# Collenda: A Games Development Platform in reconfigurable environments using FPGA devices.

Gabriel Sá Barreto Alves Technology Department State University of Feira de Santana State University of Feira de Santana Feira de Santana, Brazil bielbarretoalves@gmail.com

Anfranserai Morais Dias Technology Department Feira de Santana, Brazil anfranserai@ecomp.uefs.br

João Carlos Nunes Bittencourt Center of Exact and Technological Sciences Federal University of Recôncavo da Bahia Cruz das Almas, Brazil joaocarlos@ufrb.edu.br

Abstract-In the last years, games has been used for teach software aspects, for example, programming logic, artificial intelligence, data structure, and others. This paper presents the validation of a GPU architecture based on sprites which aims to teach and integrate hardware and software elements through game programming in reconfigurable environments using FPGA devices. For this purpose, the project structure, execution process, instruction set, and some information about architecture of this video processor are described. In conclusion, some tests are described to prove the correct performance of modules that are essentials to the working of the project.
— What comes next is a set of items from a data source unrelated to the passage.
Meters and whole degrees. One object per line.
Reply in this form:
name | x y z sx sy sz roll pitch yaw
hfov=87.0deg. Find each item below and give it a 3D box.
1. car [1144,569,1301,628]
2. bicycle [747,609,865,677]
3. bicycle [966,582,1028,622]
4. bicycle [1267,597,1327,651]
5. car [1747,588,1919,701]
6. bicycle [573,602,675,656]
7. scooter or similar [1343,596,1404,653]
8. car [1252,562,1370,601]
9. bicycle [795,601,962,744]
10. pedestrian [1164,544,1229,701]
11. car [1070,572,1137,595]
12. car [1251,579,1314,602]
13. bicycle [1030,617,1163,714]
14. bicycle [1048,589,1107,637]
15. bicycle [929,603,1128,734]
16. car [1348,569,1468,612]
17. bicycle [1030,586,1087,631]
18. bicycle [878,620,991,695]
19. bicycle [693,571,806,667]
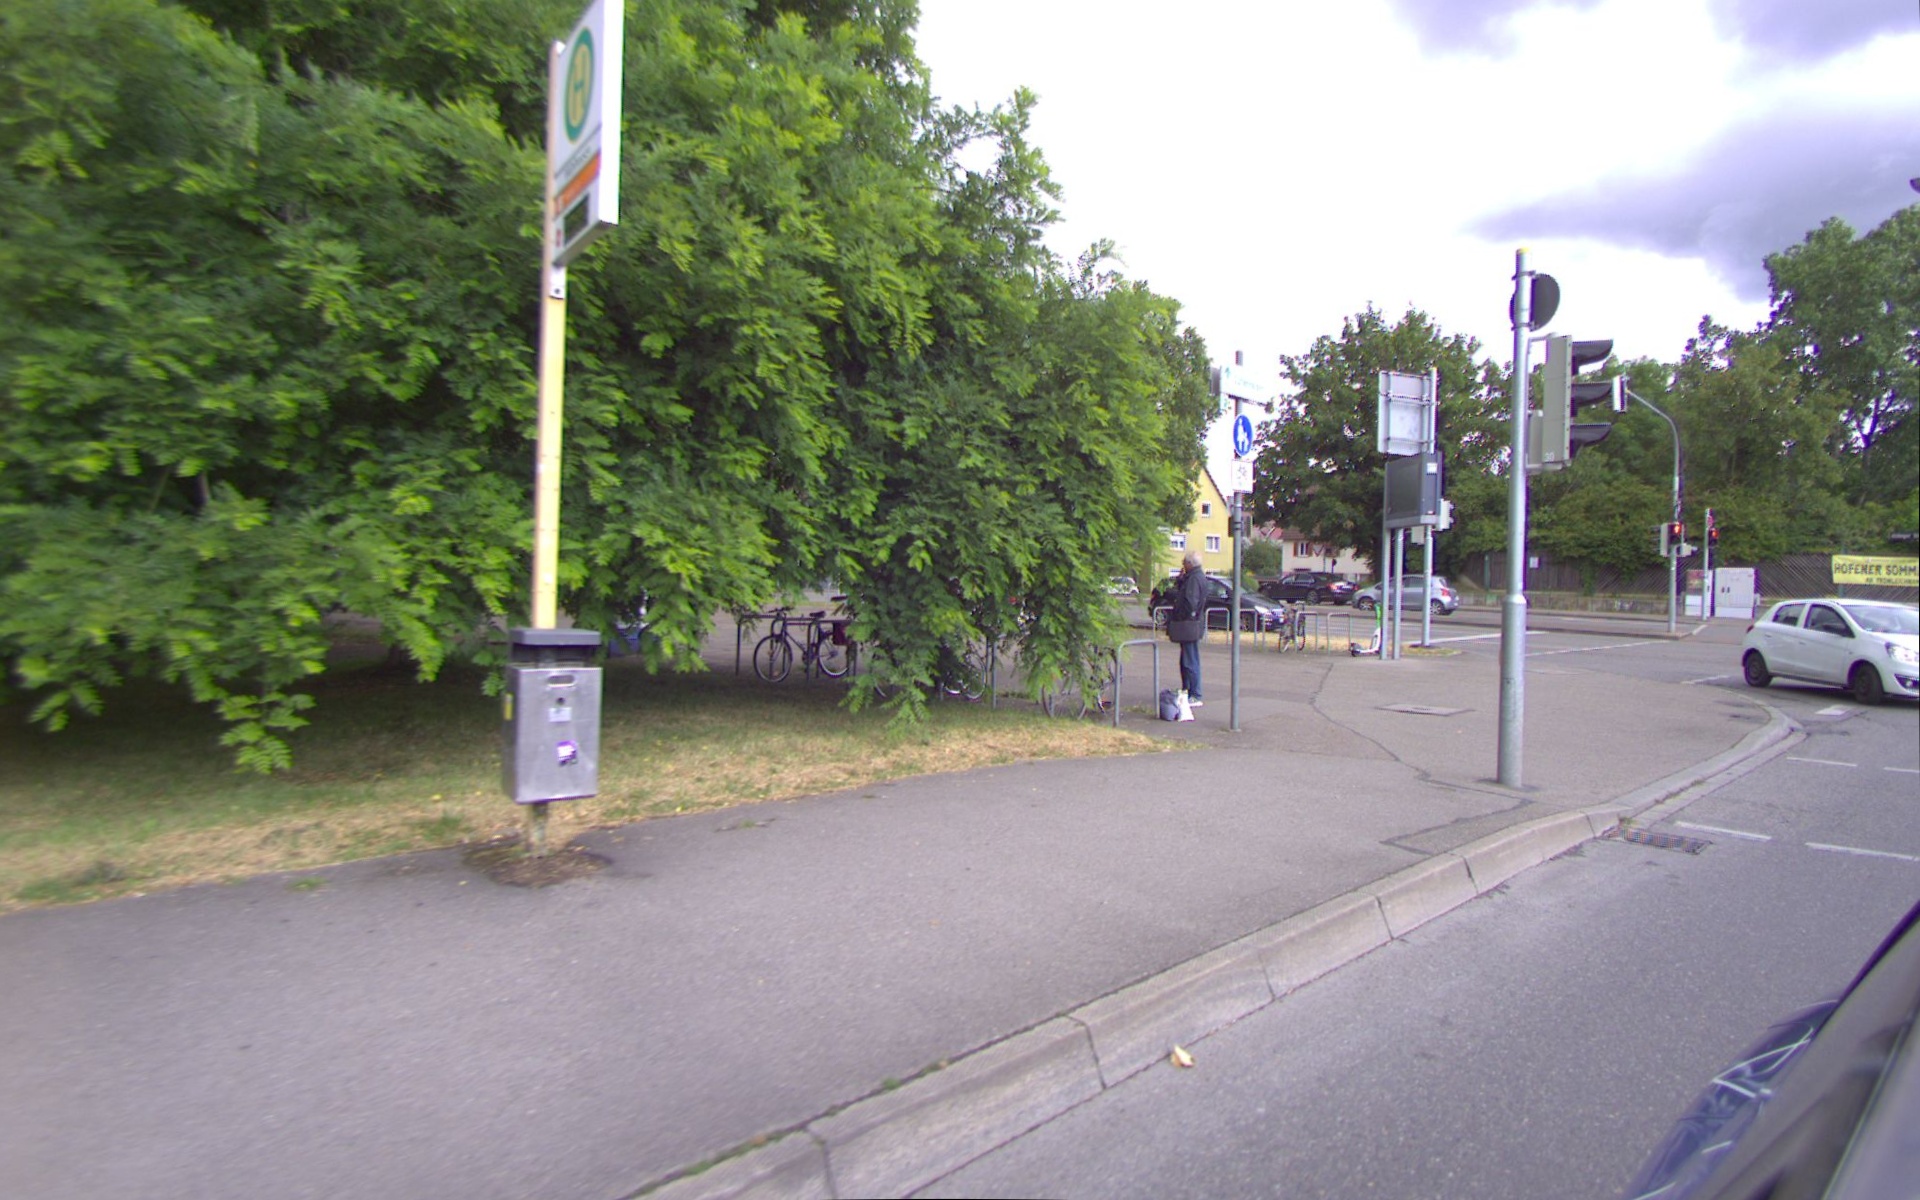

Index Terms-Games, FPGAs, Hardware, Software

## I. INTRODUCTION

The use of FPGA (Field-Programmable Gate Array) as learning tool has increased significantly within university laboratories, allowing to create playful and interactive activities through the synthesis of digital circuits. For example, the creation of games using FPGA. The games are into the category of activities that provide great learning flexibility [2]. It helps assimilation of the techniques and approaches associated with integration between hardware and software elements [1] [3].

This project is the initial development of a teaching platform that uses games as the main motivation. Its purpose is to facilitate the comprehension related to hardware elements, as memory, registers, and others element of digital circuits, as well as, programming aspects through games developed with the platform.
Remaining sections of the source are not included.